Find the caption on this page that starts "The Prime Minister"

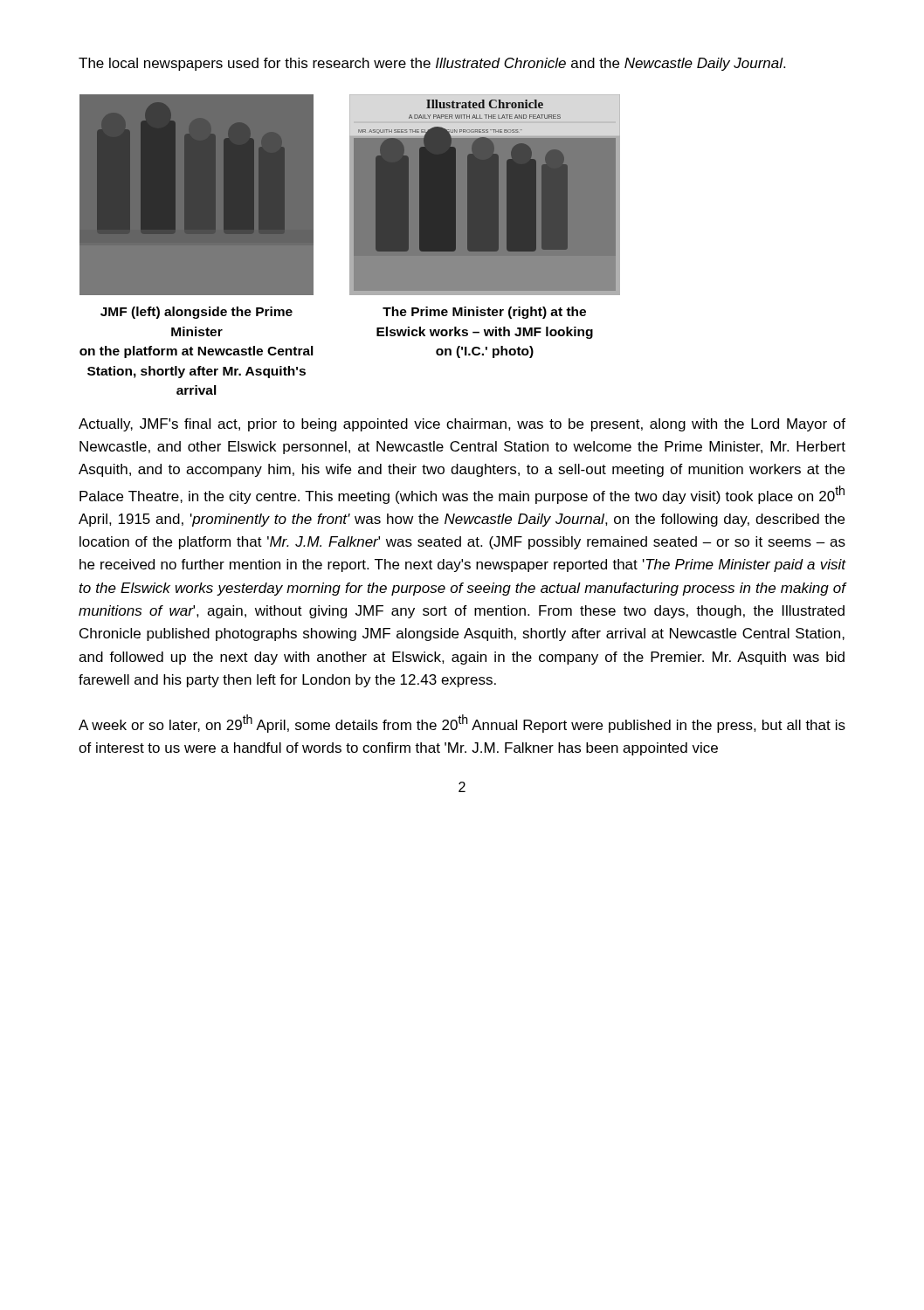pos(485,331)
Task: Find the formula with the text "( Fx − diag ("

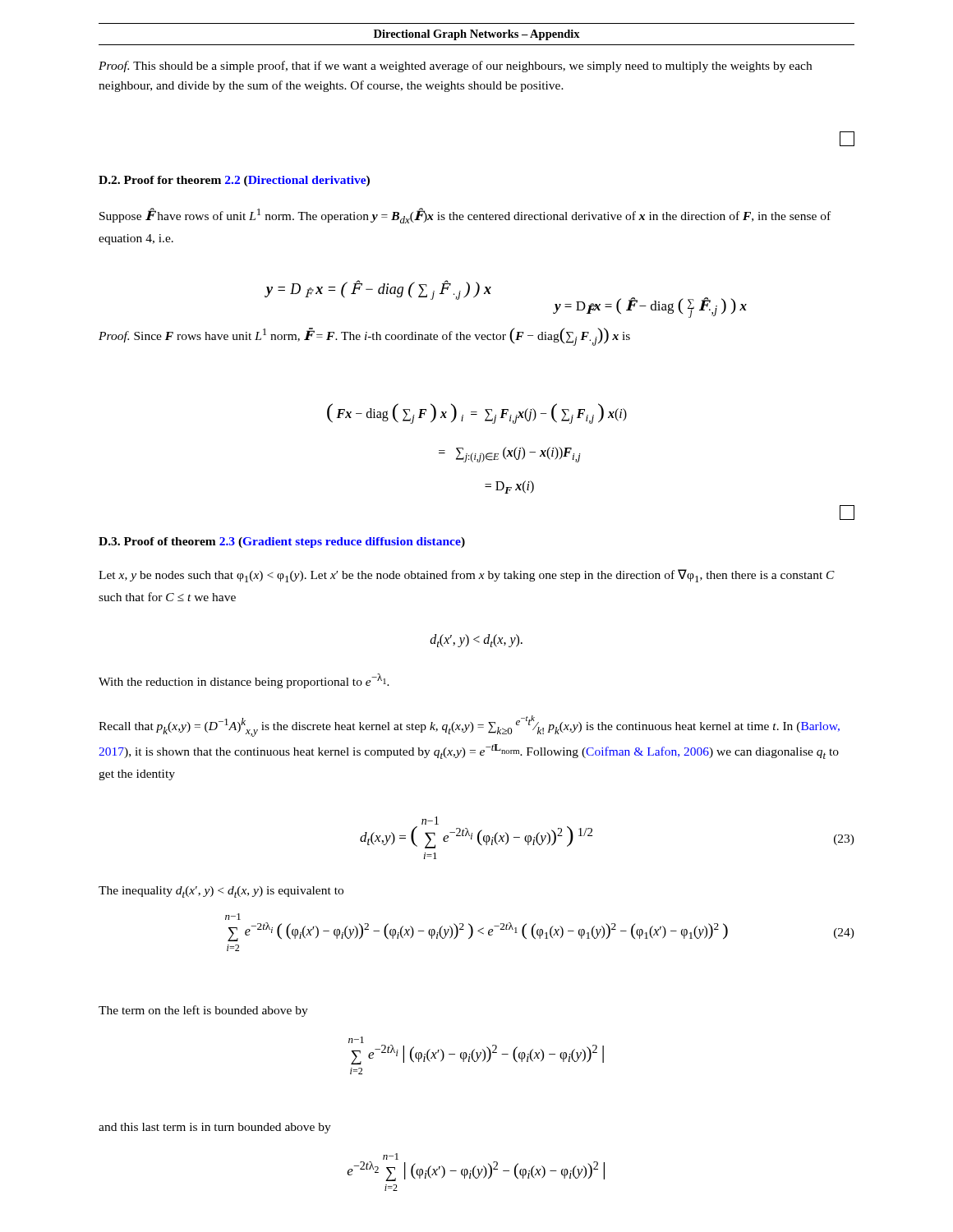Action: click(x=476, y=445)
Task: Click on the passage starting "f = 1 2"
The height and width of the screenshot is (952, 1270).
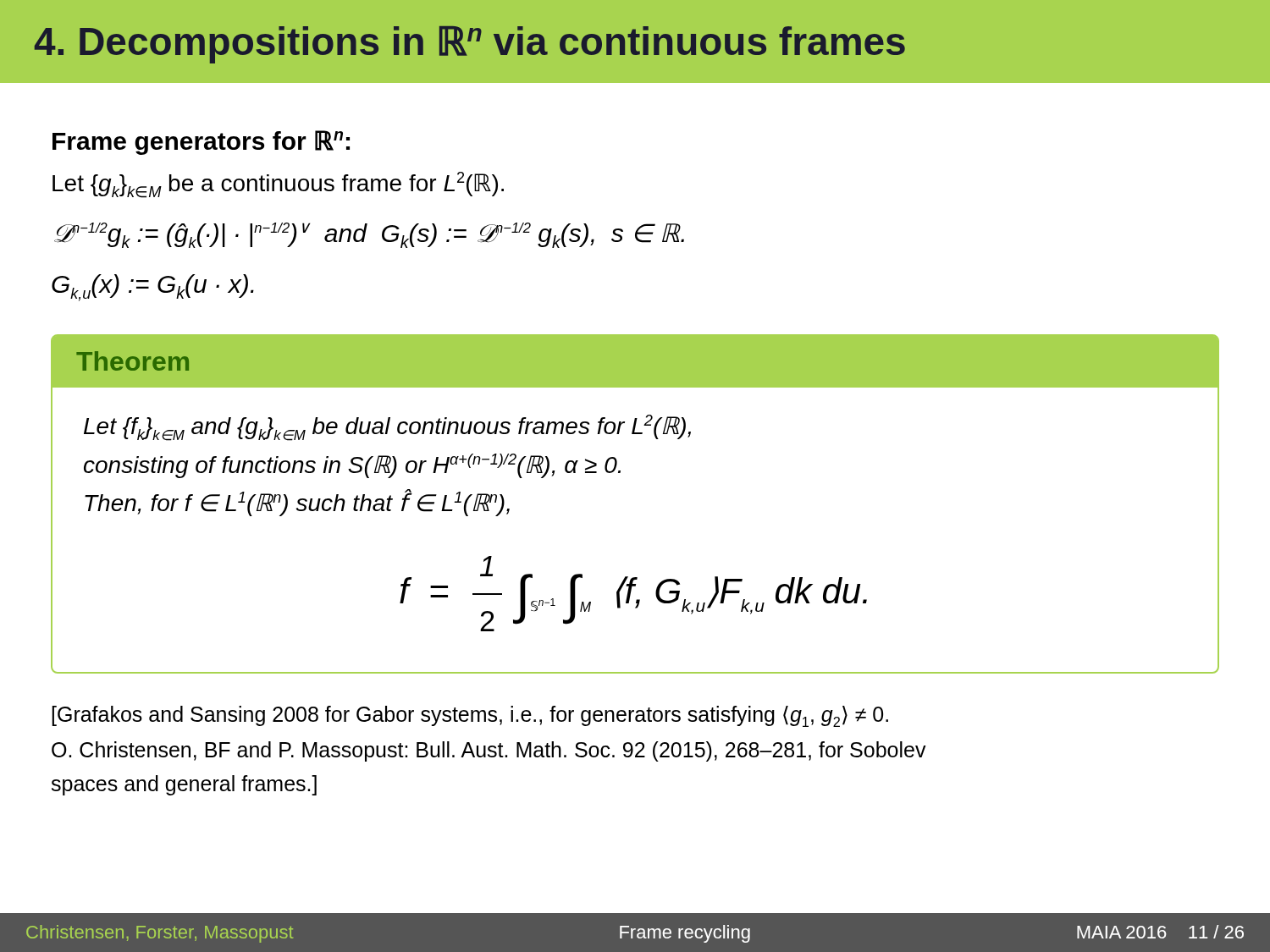Action: click(x=635, y=594)

## YOUR INSTRUCTIONS
Please reproduce the records above exactly, leaving out every picture.

## OUTPUT BELOW
Find the caption on this page that starts "The Prime Minister"

pos(485,331)
Task: Find the formula with the text "( Fx − diag ("

Action: click(x=476, y=445)
Task: Click on the passage starting "f = 1 2"
The height and width of the screenshot is (952, 1270).
Action: click(x=635, y=594)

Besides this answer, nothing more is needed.